Liv Mackay joined Erica Dawson in winning selection as part of the female development programme for the New Zealand SailGP Team in 2021 and has been an integral member both on and off the water. She's been involved in every regatta so far this year and helmed the boat on numerous occasions in training and has also played a key role in communications and analysis to help the team get every ounce of speed out of their F50.

Andy Maloney (RNZYS, RAYC, Murrays Bay Sailing Club)

Andy Maloney
Photo: Robert Deaves.

It was a bit like waiting for a bus - New Zealand waited nearly 60 years to win the Finn Gold Cup and then two came along one after the other. Earlier this year, Andy Maloney matched Josh Junior's achievement in 2019 of winning the Finn world championships and ensuring the famous trophy stayed in this country for another year (the 2020 Finn Gold Cup was cancelled due to Covid-19). Maloney led from virtually start to finish in Porto, revelling in the often big waves and strong breezes, to finish ahead of Spain's Joan Cardona with great mate Junior in third. Maloney was also a key member of Team New Zealand's America's Cup-winning crew and the New Zealand SailGP Team.

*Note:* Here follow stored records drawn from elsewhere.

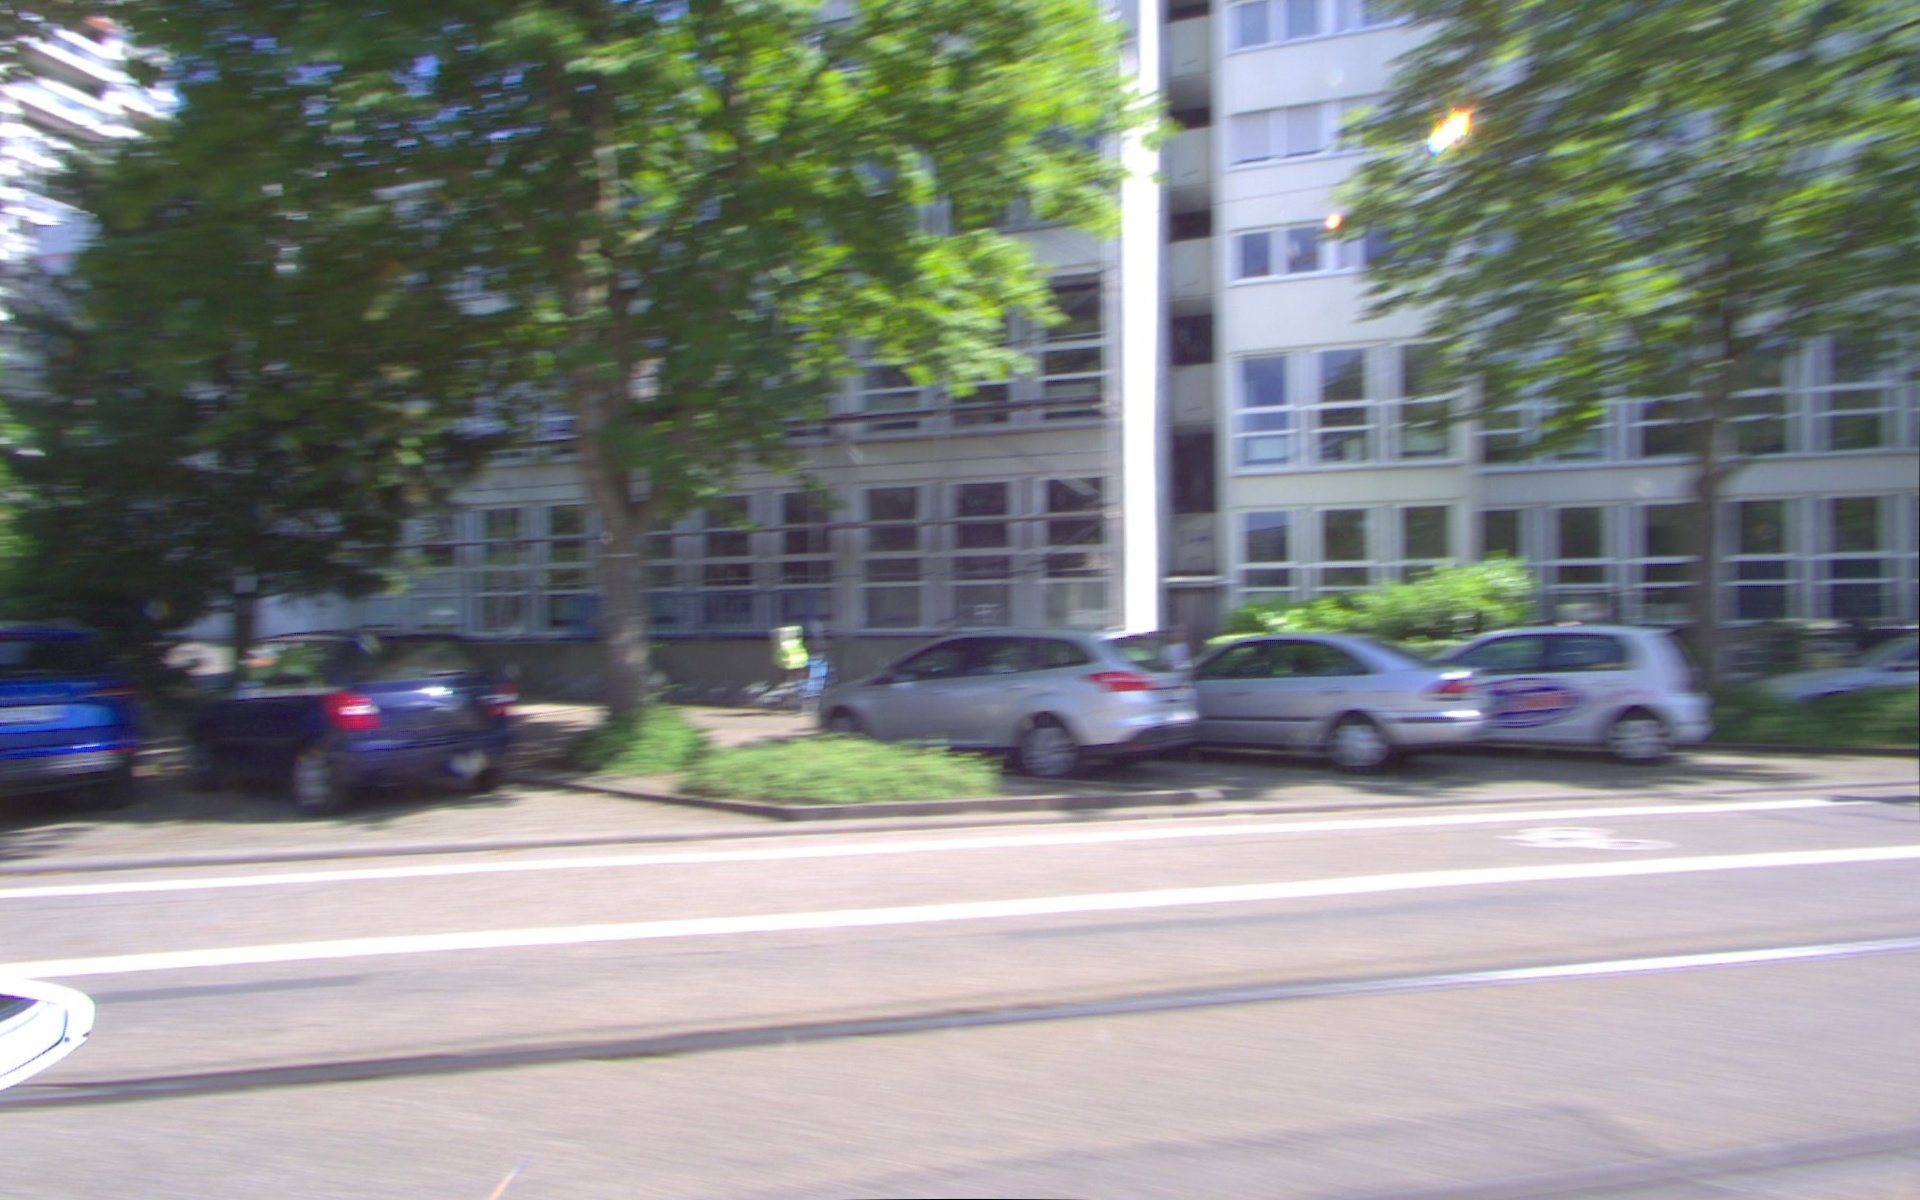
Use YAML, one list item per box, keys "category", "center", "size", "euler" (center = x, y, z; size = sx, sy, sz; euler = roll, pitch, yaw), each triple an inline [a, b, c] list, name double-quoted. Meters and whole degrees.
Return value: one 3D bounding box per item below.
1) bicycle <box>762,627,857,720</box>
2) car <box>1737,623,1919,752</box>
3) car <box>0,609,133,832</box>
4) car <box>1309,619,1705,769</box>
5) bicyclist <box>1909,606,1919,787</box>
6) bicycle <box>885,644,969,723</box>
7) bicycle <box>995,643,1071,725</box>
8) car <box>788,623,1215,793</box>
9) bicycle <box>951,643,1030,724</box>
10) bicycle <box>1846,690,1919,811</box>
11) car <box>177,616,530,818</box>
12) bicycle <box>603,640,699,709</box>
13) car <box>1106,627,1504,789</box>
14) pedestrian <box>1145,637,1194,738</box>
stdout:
- category: "bicycle"
  center: [-2.510, 1.193, 16.948]
  size: [0.652, 1.472, 2.086]
  euler: [-1, -2, 21]
- category: "car"
  center: [12.922, 1.118, 13.009]
  size: [4.283, 1.624, 1.551]
  euler: [-2, -2, 32]
- category: "car"
  center: [-8.754, 0.916, 8.663]
  size: [3.897, 1.644, 1.767]
  euler: [0, 0, 39]
- category: "car"
  center: [6.351, 1.036, 11.859]
  size: [3.895, 1.505, 1.603]
  euler: [-3, -2, 36]
- category: "bicyclist"
  center: [8.779, 0.823, 8.400]
  size: [0.847, 1.562, 0.804]
  euler: [0, -1, -7]
- category: "bicycle"
  center: [-0.518, 1.343, 16.673]
  size: [0.652, 1.204, 2.086]
  euler: [-1, -2, 21]
- category: "bicycle"
  center: [1.210, 1.307, 16.157]
  size: [0.652, 1.204, 2.086]
  euler: [-1, -2, 21]
- category: "car"
  center: [0.334, 1.023, 10.840]
  size: [4.376, 1.505, 1.774]
  euler: [-1, -2, 35]
- category: "bicycle"
  center: [0.538, 1.323, 16.396]
  size: [0.652, 1.204, 2.086]
  euler: [-1, -2, 21]
- category: "bicycle"
  center: [8.779, 1.230, 8.396]
  size: [2.276, 0.929, 0.680]
  euler: [0, -1, -7]
- category: "car"
  center: [-5.695, 0.953, 9.308]
  size: [3.412, 1.550, 1.567]
  euler: [-1, -2, 35]
- category: "bicycle"
  center: [-5.313, 1.255, 17.386]
  size: [0.729, 1.099, 2.203]
  euler: [0, -2, 8]
- category: "car"
  center: [3.730, 1.063, 11.130]
  size: [3.895, 1.505, 1.602]
  euler: [-2, -2, 37]
- category: "pedestrian"
  center: [3.137, 1.294, 15.012]
  size: [0.610, 1.479, 0.424]
  euler: [0, -1, -10]
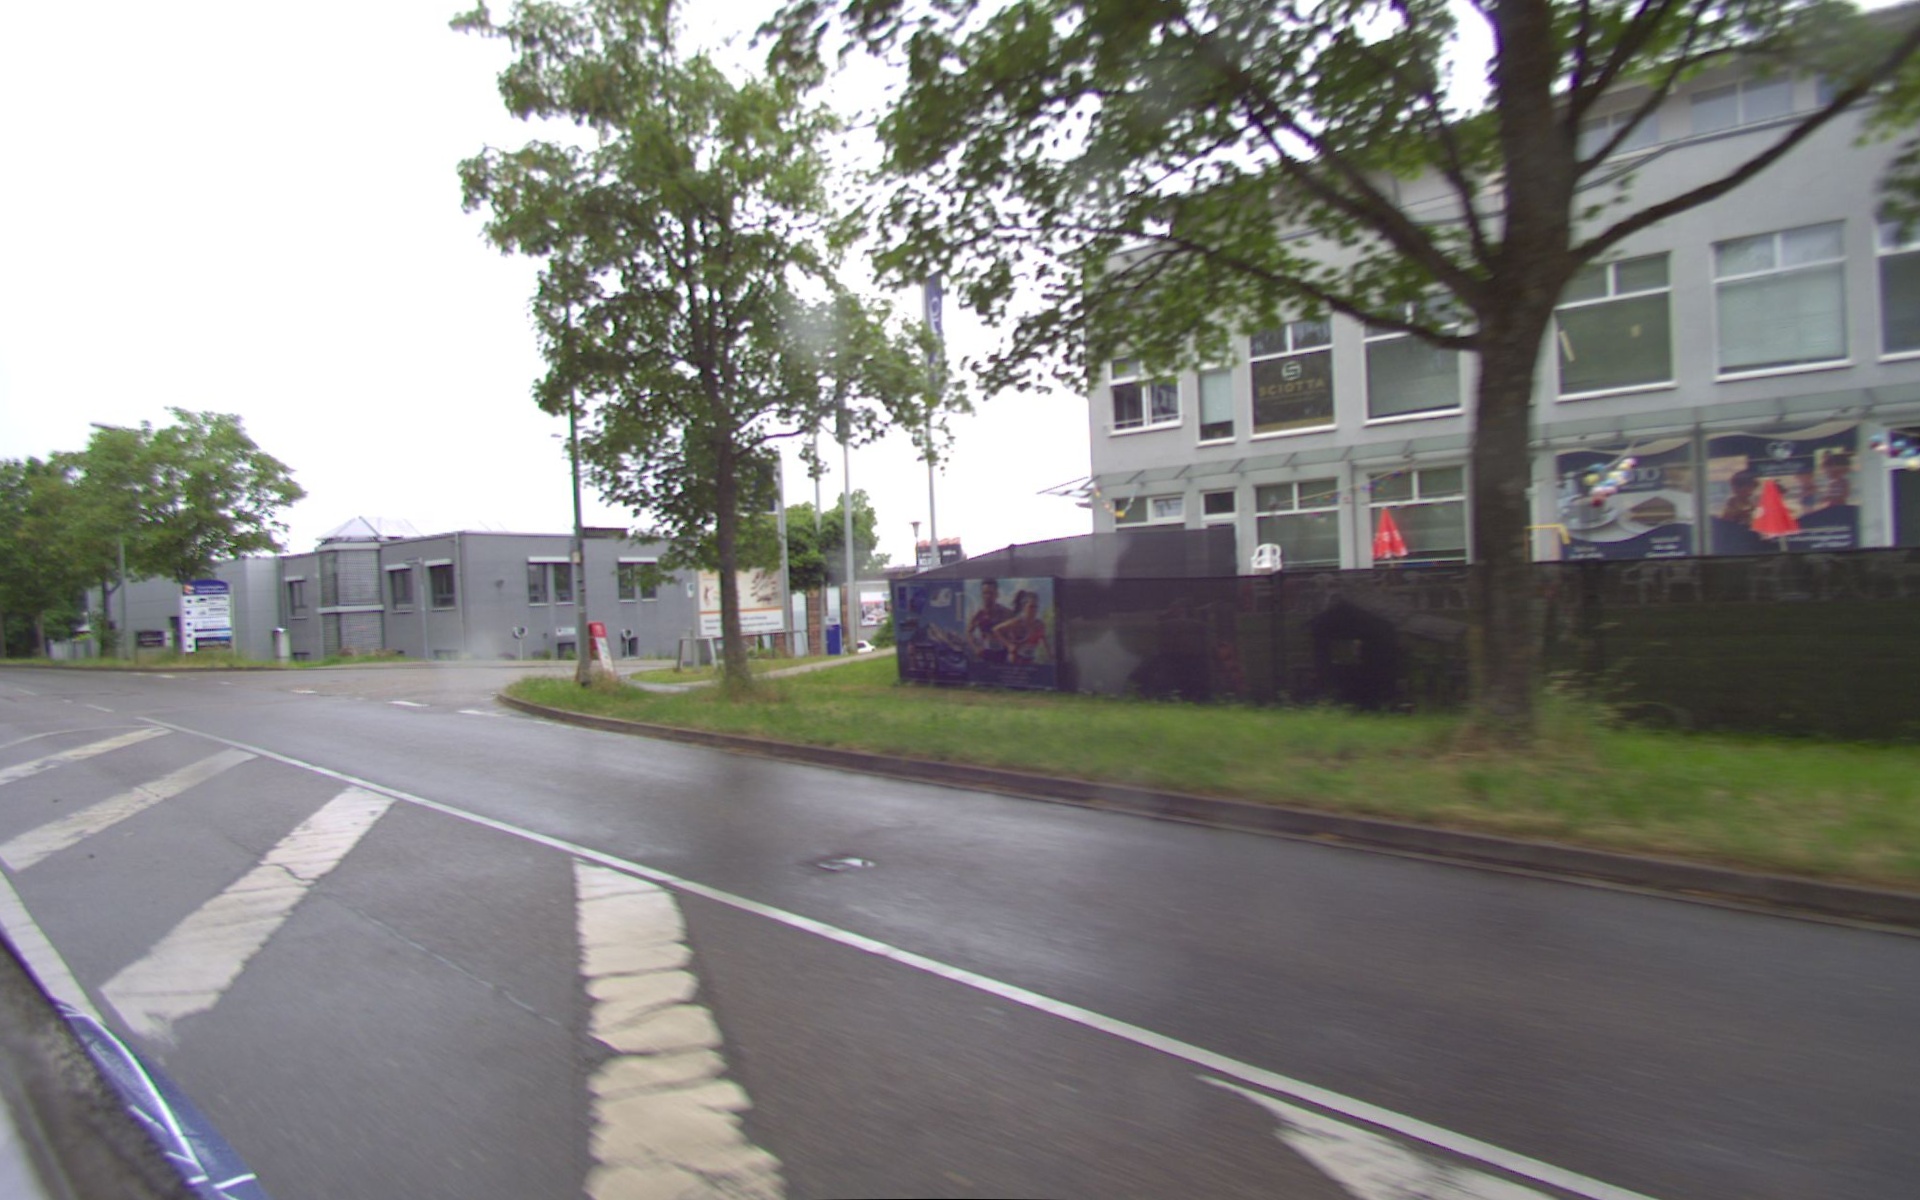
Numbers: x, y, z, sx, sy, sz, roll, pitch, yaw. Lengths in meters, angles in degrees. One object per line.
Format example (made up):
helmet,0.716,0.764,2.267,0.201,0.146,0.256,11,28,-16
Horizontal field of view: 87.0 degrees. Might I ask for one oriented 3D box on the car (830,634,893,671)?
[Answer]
car,-5.523,2.925,56.462,3.195,1.565,1.489,-13,-9,35

Sam Meech (Tauranga Yacht & Power Boat Club)

Sam Meech
Photo: Sailing Energy / World Sailing.

A 10th-placed finish at the Tokyo Olympics might not have been the result Sam Meech was after at the Games but that didn't tell the full story of his regatta. The Rio bronze medallist went in as one of the favourites in the Laser but woke up with an infected knee on the eve of the event. Not only was it painful but it also severely restricted his movement which made a top-10 finish in the most competitive of the Olympic classes a notable achievement.

Paul Snow-Hansen and Daniel Willcox (Wakatere Boating Club and Murrays Bay Sailing Club)

Paul Snow-Hansen and Dan Willcox
Photo: Sailing Energy / World Sailing.

Finishing fourth at an Olympic Games is never easy but Paul Snow-Hansen and Dan Willcox can look back on their Tokyo campaign with immense pride. The pair sailed consistently well throughout the event in sometimes treacherous conditions but fell agonisingly short of a spot on the podium, finishing two points off third. They had gone into the Olympics with a realistic shot of a medal after winning the European championships earlier in the year in their first international regatta in more than 12 months.

Lukas Walton-Keim (Takapuna Boating Club)

Lukas Walton-Keim
Photo: Foil Bay of Islands.

Kitefoiler Lukas Walton-Keim was untouchable on the domestic front over the last 12 months, winning everything he entered from the national championships and Foil Bay of Islands to the King of the Waitemata. At Foil Bay of Islands, for instance, he won all 10 races. Walton-Keim has his sights on the 2024 Paris Olympics, when kitefoiling will be on the programme for the first time, and showed some promise at the recent world championships by finishing 25th in his first international competition in two years.